Aldo Leon is a pastor in Homestead, Florida and earned his MDiv and ThM from Southern Seminary.

One thought on “The Westminster Tradition vs. DeYoung and the Gospel Coalition, Part II

  1. The real issue here is how much of WCF 23 can be supported by the Scriptures. I have no doubt that the Devines used the Scriptures to determine what to write. But three points should be made here. First, if we can learn nothing from those Scriptures outside of what the Westminster Standards say, then again, the Westminster Standards are put on a pedestal that elevates it too close to the Scriptures. In essence, the Westminster Standards become a vicar of the Scriptures because then we must go through the Westminster Standards to understand the Scriptures.

    Second, a problem here isn’t that Westminster Devines didn’t exegete the Scriptures before writing what they did. The problem here is that we only see the results of that exegesis, not the process itself.

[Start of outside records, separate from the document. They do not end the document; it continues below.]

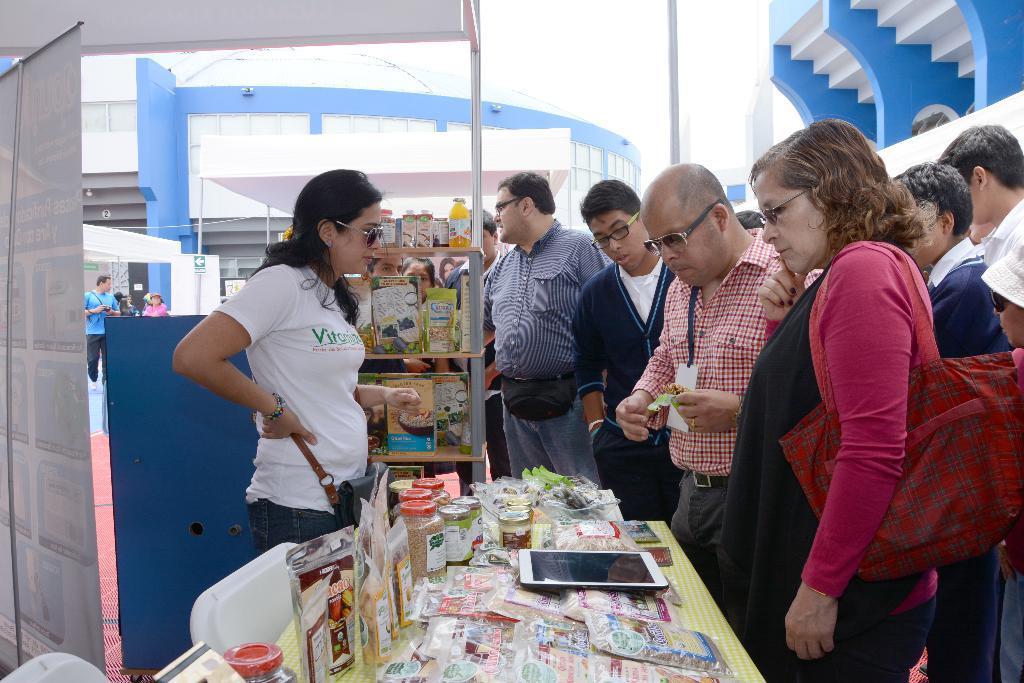Could you give a brief overview of what you see in this image? In this picture there is a table in the center of the image, on which there is a netbook and grocery items and there is a lady and a poster on the left side of the image, there is a rack behind the lady, there are other people in front of the table and there are buildings in the background area of the image. 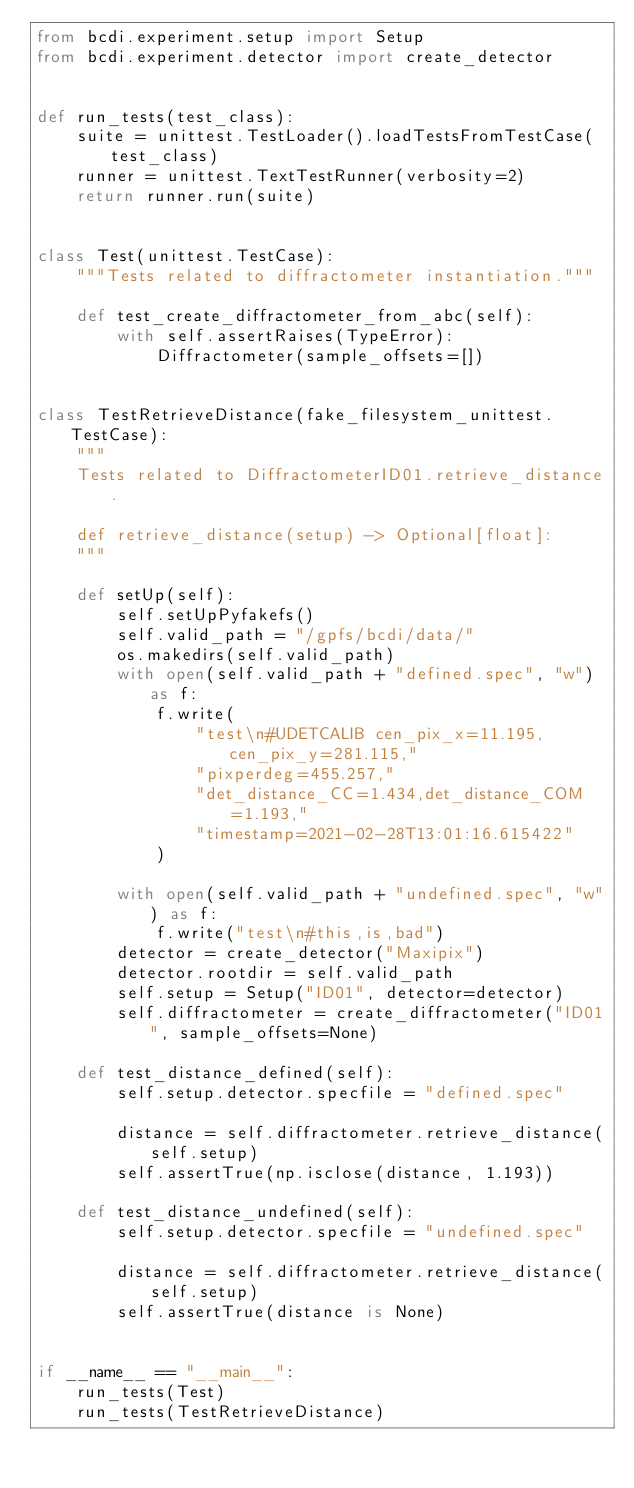<code> <loc_0><loc_0><loc_500><loc_500><_Python_>from bcdi.experiment.setup import Setup
from bcdi.experiment.detector import create_detector


def run_tests(test_class):
    suite = unittest.TestLoader().loadTestsFromTestCase(test_class)
    runner = unittest.TextTestRunner(verbosity=2)
    return runner.run(suite)


class Test(unittest.TestCase):
    """Tests related to diffractometer instantiation."""

    def test_create_diffractometer_from_abc(self):
        with self.assertRaises(TypeError):
            Diffractometer(sample_offsets=[])


class TestRetrieveDistance(fake_filesystem_unittest.TestCase):
    """
    Tests related to DiffractometerID01.retrieve_distance.

    def retrieve_distance(setup) -> Optional[float]:
    """

    def setUp(self):
        self.setUpPyfakefs()
        self.valid_path = "/gpfs/bcdi/data/"
        os.makedirs(self.valid_path)
        with open(self.valid_path + "defined.spec", "w") as f:
            f.write(
                "test\n#UDETCALIB cen_pix_x=11.195,cen_pix_y=281.115,"
                "pixperdeg=455.257,"
                "det_distance_CC=1.434,det_distance_COM=1.193,"
                "timestamp=2021-02-28T13:01:16.615422"
            )

        with open(self.valid_path + "undefined.spec", "w") as f:
            f.write("test\n#this,is,bad")
        detector = create_detector("Maxipix")
        detector.rootdir = self.valid_path
        self.setup = Setup("ID01", detector=detector)
        self.diffractometer = create_diffractometer("ID01", sample_offsets=None)

    def test_distance_defined(self):
        self.setup.detector.specfile = "defined.spec"

        distance = self.diffractometer.retrieve_distance(self.setup)
        self.assertTrue(np.isclose(distance, 1.193))

    def test_distance_undefined(self):
        self.setup.detector.specfile = "undefined.spec"

        distance = self.diffractometer.retrieve_distance(self.setup)
        self.assertTrue(distance is None)


if __name__ == "__main__":
    run_tests(Test)
    run_tests(TestRetrieveDistance)
</code>

    Third, it is not only conceivable that the times could have influenced how the Devines exegeted the Scriptures, it should be expected that such was the case. That doesn’t necessarily result in a strict uniformity with what any of the other Reformers said. But it does imply a more abstract and general similarity with not just what the other Reformers said, but with the times themselves. And there is no doubt that is what we see in WCF 23:3. For when we look at the Scriptures used to support that part of the Confession, the Scriptures used to support the notion that the Civil Magistrates must suppress blasphemies and heresies come solely from the Old Testament. And here we should note that Israel had a unique relationship with God during Old Testament times that no nation has or will ever have during New Testament times.

    In the New Testament, blasphemies and heresies inside the Church were met with Church discipline. And that the last resort in discipline simply resulted in the casting out of any professed believer who held them out into society without having the protection and resources provided to them by the Church. Blasphemies and heresies held by unbelievers in society were met with preaching and evangelism. For those who repented of those blasphemies and heresies by believing what was preached were then accepted into the Church. And thus from the Church perspective, there is a sharp distinction between society and the Church. Unbelievers and believers were assigned to society while believers also belonged to the Church. There is nothing in the New Testament that suggests that the government should punish unbelievers for their beliefs or words spoken privately or publicly. Rather, the New Testament tells us to move on when people don’t accept our preaching. The New Testament warns us against ‘lording it over’ others as the heathen do. The New Testament tells us not to withdraw from the sexually immoral who are unbelievers as we are to shun the sexually immoral who profess to believe (I Cor 5). To have the government punish blasphemers and heretics would often result in the government withdrawing unbelievers from our presence. And if that happens, who is there to preach to them? Here, we might even reference WCF 23:4 in asking if infidelity or differences in religion does not invalidate the Civil Magistrate’s position, why should it do the same citizens in society?

    There is a compulsion in the position of those who want the government to enforce the two tables of the Law. Perhaps there is more than one reason for the compulsion. Perhaps one reason is to witness to the world by creating a ‘city on the hill.’ Unfortunately, when the Puritans tried to do so, they greatly tarnished the reputation of the Gospel by abusing others in the New World as how others had abused them in the old one. In creating that ‘city,’ they showed that they could only love those who loved them and agreed with them. Jesus’s standard for how we are to love is to love and bless our enemies.

    But perhaps another reason for the compulsion is a fear of being with those whose lifestyles and beliefs differ too greatly from their own. And rather than preaching the Gospel and evangelizing, they might prefer that the government enforce laws that limit how different one’s neighbors or fellow citizens can be. And if that is the case, using the Civil Magistrate to enforce Church laws would be the exact opposite of what is needed to fulfill the Great Commission.